В первые месяцы существования ЧК направляла значительные усилия на борьбу с обыкновенной коммерческой деятельностью. Поскольку самые обычные розничные торговые операции (например, продажа мешка муки) квалифицировалась как «спекуляция», с которой ЧК призвана была бороться, ее агенты тратили уйму времени, выслеживая «мешочников», проверяя багаж железнодорожных пассажиров и проводя облавы на черных рынках. Эта озабоченность «экономическими преступлениями» приводила к распылению сил, и в результате чекисты проглядели представляющие гораздо более серьезную опасность антиправительственные заговоры, которые начали созревать весной 1918 года. В первой половине 1918-го их единственной успешной акцией в области политического сыска было обнаружение в Москве штаб-квартиры савинковской организации. Однако этим они были обязаны чистой случайности, и это не помогло им впоследствии внедриться в созданный Савинковым «Союз защиты Родины и Свободы». Разразившееся в июле ярославское восстание было для них поэтому полной неожиданностью. Еще более поразительно, что ЧК не было известно о планах восстания левых эсеров, особенно если учесть, что руководители этой партии фактически прямо заявляли о своих намерениях. Дело усугублялось еще и тем, что заговор левых эсеров был тайно подготовлен в штаб-квартире самой ЧК и поддержан ее вооруженными подразделениями. Такой невероятный провал заставил Дзержинского уйти 8 июля в отставку. Его место временно занял Петерс. 22 августа Дзержинский был восстановлен в должности — как раз вовремя, чтобы испытать следующее унижение: на сей раз его ведомство проморгало почти удавшееся покушение на жизнь Ленина.
* * *
Ни один царь — даже в периоды расцвета революционного терроризма — не опасался так за свою жизнь и не имел такой мощной охраны, как Ленин. Цари путешествовали по России и ездили за границу. Они устраивали приемы и часто, по разного рода торжественным случаям, появлялись в общественных местах. Ленин, съежившись, сидел за кирпичными стенами Кремля, день и ночь охраняемый латышскими стрелками. Когда время от времени он выбирался в город, об этом никому не сообщалось заранее. С того времени, как в марте 1918 года он перебрался в Москву, и вплоть до самой смерти в январе 1924 года он лишь дважды посетил Петроград — место своего революционного триумфа — и не совершал более никаких поездок, чтобы посмотреть страну или пообщаться с народом. Максимум, на что он отваживался, это иногда ездить в своем «роллс-ройсе» в подмосковные Горки, где была специально реквизирована усадьба, служившая ему местом отдыха.

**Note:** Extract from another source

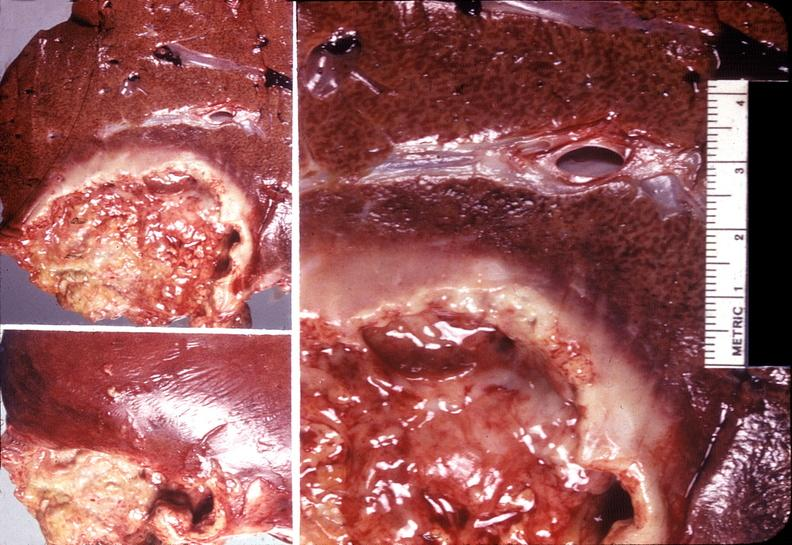does candida in peripheral blood show liver, ameobic abscesses?
Answer the question using a single word or phrase. No 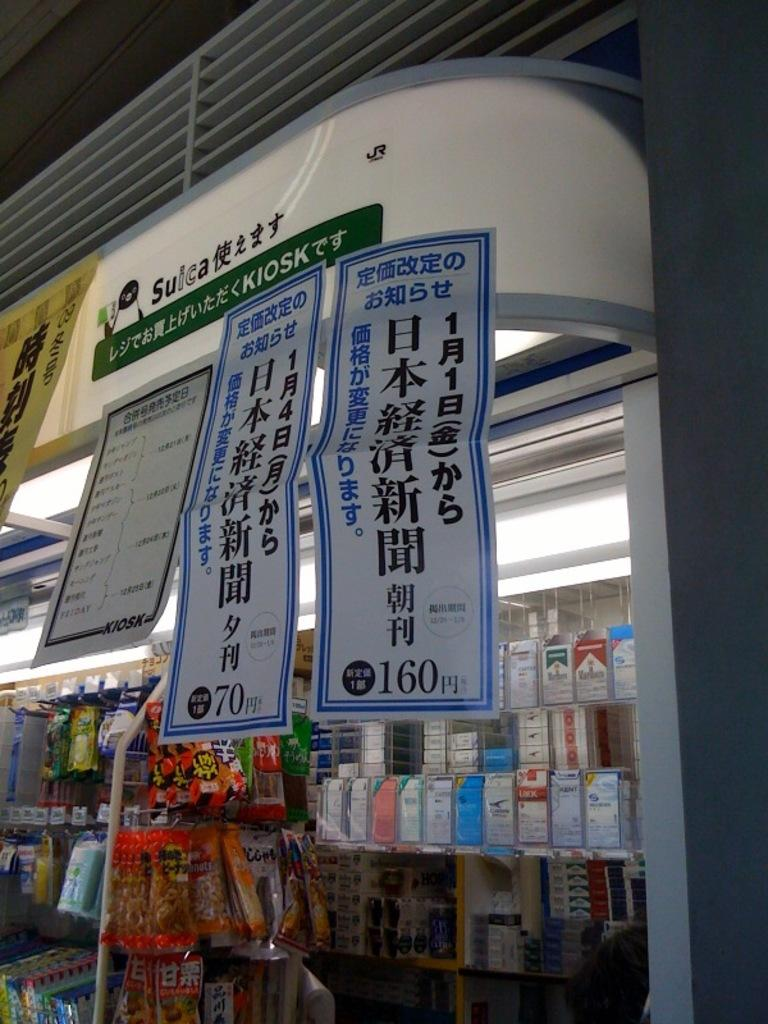Provide a one-sentence caption for the provided image. Retail store in China with Chinese posters on the window.

Троцкий выказывал большую отвагу. Он постоянно ездил на фронт, чтобы инспектировать войска и беседовать с командирами. Но и он нередко менял график и маршрут своих передвижений, стремясь избежать возможных покушений.
До сентября 1918 года никаких серьезных покушений на жизни Ленина и Троцкого не было, так как ЦК партии эсеров — партии террористов par exellence [по преимуществу (фр.). ] — выступал против активного сопротивления большевикам. Нежелание эсеров прибегать к методам, которые они использовали в борьбе с царизмом, было продиктовано соображениями двоякого рода. Во-первых, руководители эсеров были твердо убеждены, что время работает на них и им надо просто не сдавать позиций и ждать, когда в России восторжествует демократия. Убийство же большевистских лидеров привело бы, по их мнению, к победе контрреволюции. И, во-вторых, они просто боялись большевистских репрессий и погромов.